Christopher G. Toomey¹, David Weiss¹, Alan Chant², Megan Ackerman¹, Bethany A. Ahlers^3,4, Ying-Wai Lam^3,4, Christopher Ricciardi¹, Dana Bourne⁵, Christina M. Kraemer-Chant^1*

¹Department of Chemistry, Saint Michael’s College, Colchester, VT, USA.
²Department of Chemistry, University of Vermont, Burlington, VT, USA.
³Department of Biology, University of Vermont, Burlington, VT, USA.
⁴Vermont Genetics Network Proteomics Facility, University of Vermont, Burlington, VT, USA.
⁵Department of Biochemistry, University of Vermont, Burlington, VT, USA.

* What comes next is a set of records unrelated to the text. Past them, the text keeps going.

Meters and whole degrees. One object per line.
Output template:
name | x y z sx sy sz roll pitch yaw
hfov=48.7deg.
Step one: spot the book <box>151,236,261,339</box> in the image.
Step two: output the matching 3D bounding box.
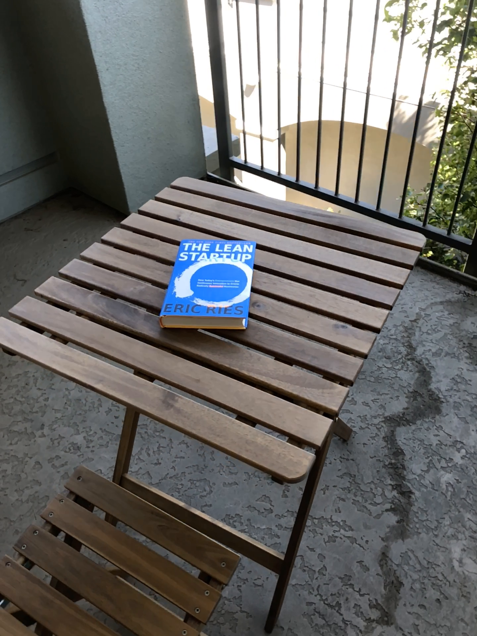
book | -0.050 -0.063 0.942 0.160 0.040 0.231 2 44 7
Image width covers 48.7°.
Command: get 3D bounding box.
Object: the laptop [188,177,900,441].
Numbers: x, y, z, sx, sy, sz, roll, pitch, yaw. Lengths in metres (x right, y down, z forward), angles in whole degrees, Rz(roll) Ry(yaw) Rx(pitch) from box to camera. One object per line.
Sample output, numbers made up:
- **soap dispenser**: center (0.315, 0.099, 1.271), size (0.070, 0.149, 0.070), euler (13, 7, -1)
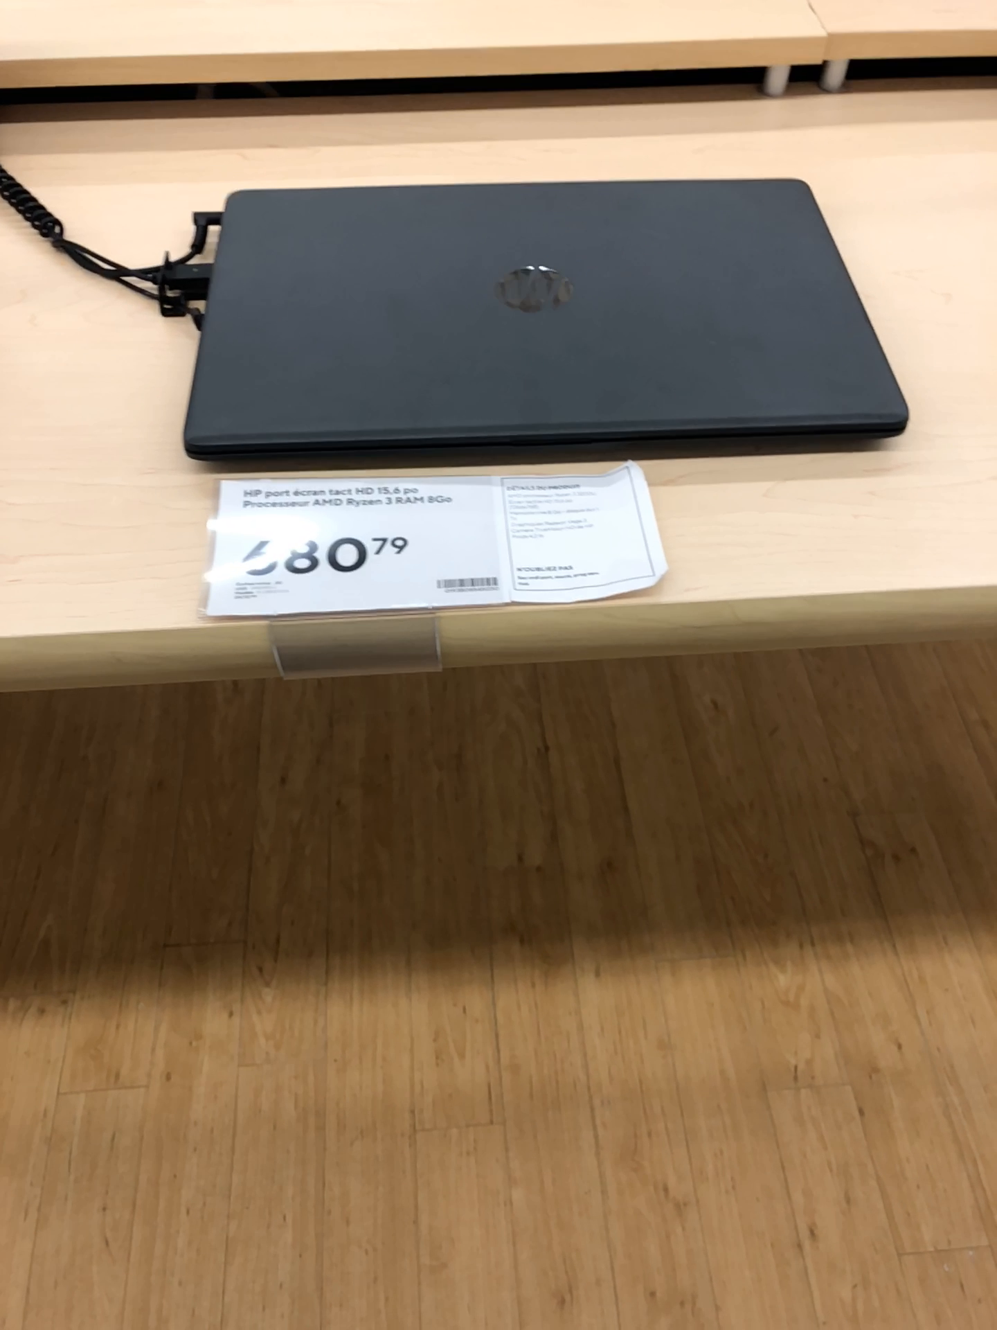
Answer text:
- **laptop**: center (0.020, -0.222, 0.654), size (0.373, 0.005, 0.245), euler (-3, 51, -3)
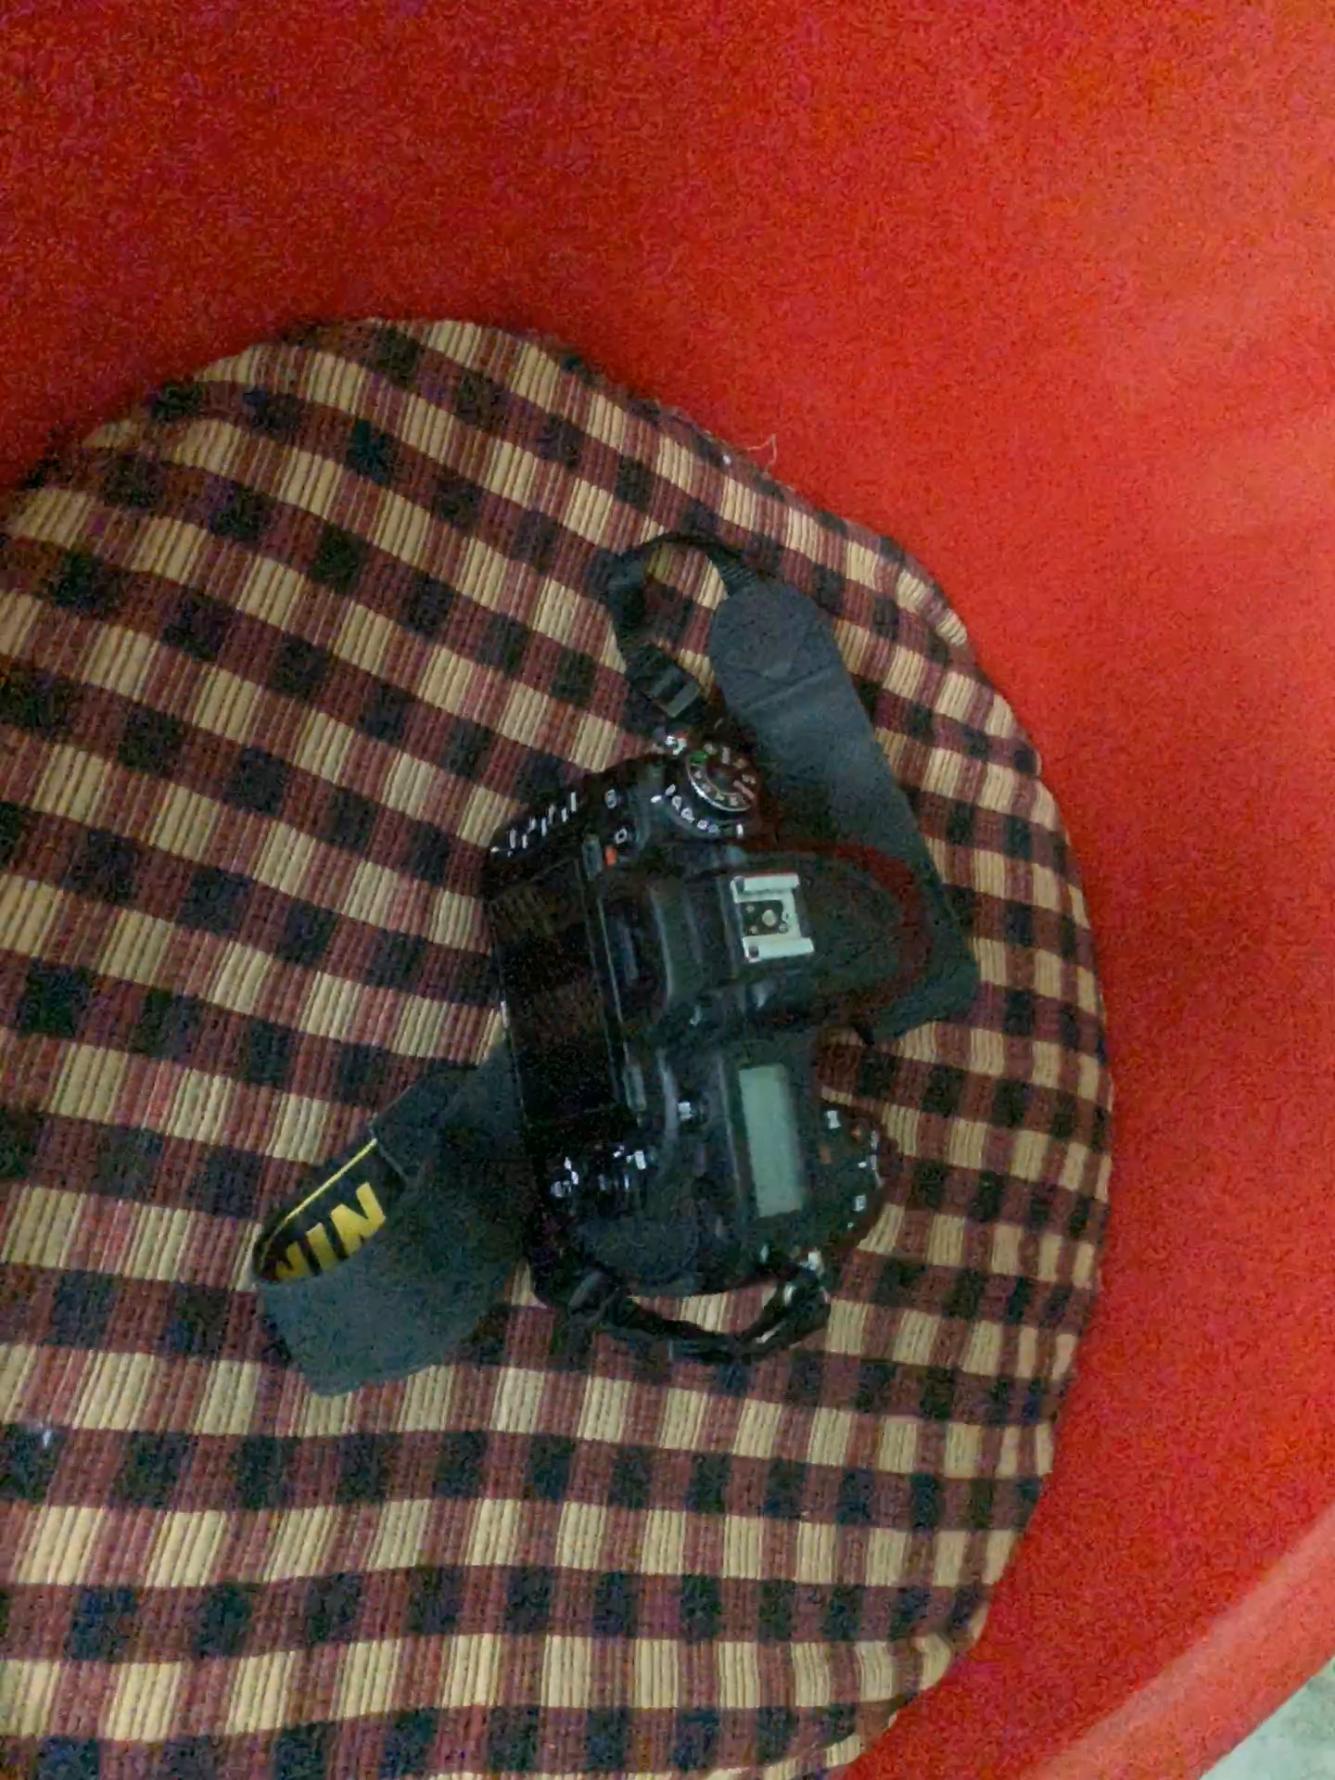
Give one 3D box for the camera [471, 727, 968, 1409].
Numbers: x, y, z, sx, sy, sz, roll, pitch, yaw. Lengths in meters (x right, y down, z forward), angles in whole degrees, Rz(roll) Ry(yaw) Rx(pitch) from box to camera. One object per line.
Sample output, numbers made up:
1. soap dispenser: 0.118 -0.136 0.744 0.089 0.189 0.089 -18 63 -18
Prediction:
1. camera: 0.009 0.040 0.342 0.080 0.090 0.140 0 84 -32
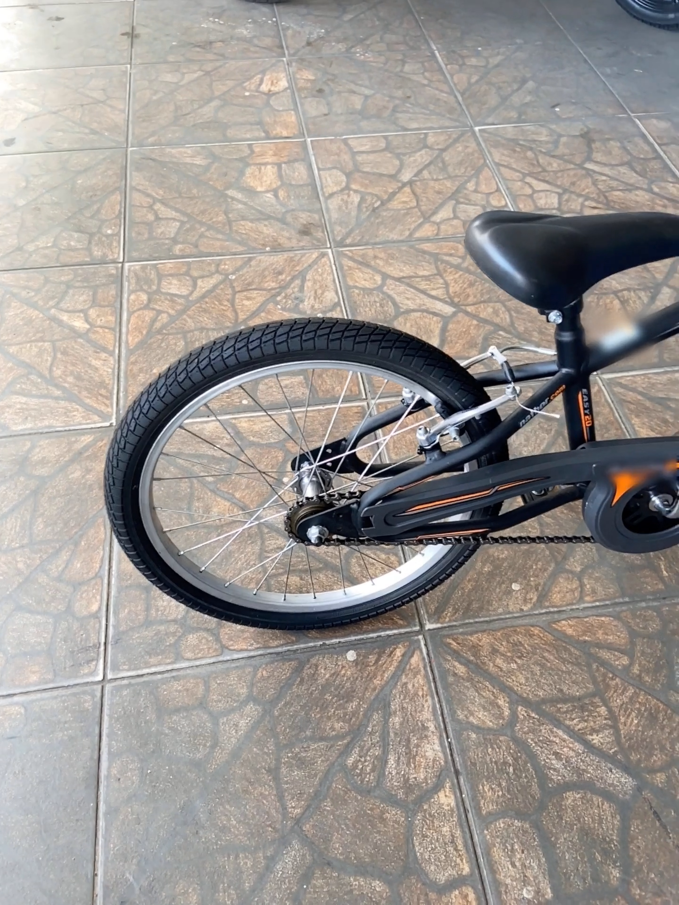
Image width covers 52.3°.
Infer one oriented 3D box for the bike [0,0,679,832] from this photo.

Calmodulin from Homo sapiens is an α-helical calcium-binding protein that expresses to high levels in E. coli. When the N-terminus of a calmodulin variant is bound to Ca²⁺, it undergoes a conformational change, exposing hydrophobic pockets. This property can be utilized for purification purposes, as these pockets bind to phenyl sepharose resin with high affinity. Washing with EDTA chelates the Ca²⁺ ions from the protein, inducing a conformational change back to the more folded state and eluting the protein from the column. We describe herein the use of a protein expression and purification technique using the calmodulin variant and a short linker for proteolytic cleavage by the mutant NIa-Pro tobacco etch virus protease. We have shown this approach to be useful in obtaining purified quantities of various small proteins that could not be expressed using other methods, including high enough concentrations of a designed WW domain protein for NMR structural analysis. We have also obtained promising results on the usefulness of this procedure to express and purify zinc finger proteins without the addition of zinc ions or other cofactors.

Biomaterials, Protein Purification, Expression Systems, Protein Expression

Toomey, C. , Weiss, D. , Chant, A. , Ackerman, M. , Ahlers, B. , Lam, Y. , Ricciardi, C. , Bourne, D. and Kraemer-Chant, C. (2017) Development and Applications of a Calmodulin-Based Fusion Protein System for the Expression and Purification of WW and Zinc Finger Modules. Advances in Biological Chemistry, 7, 89-106. doi: 10.4236/abc.2017.72006.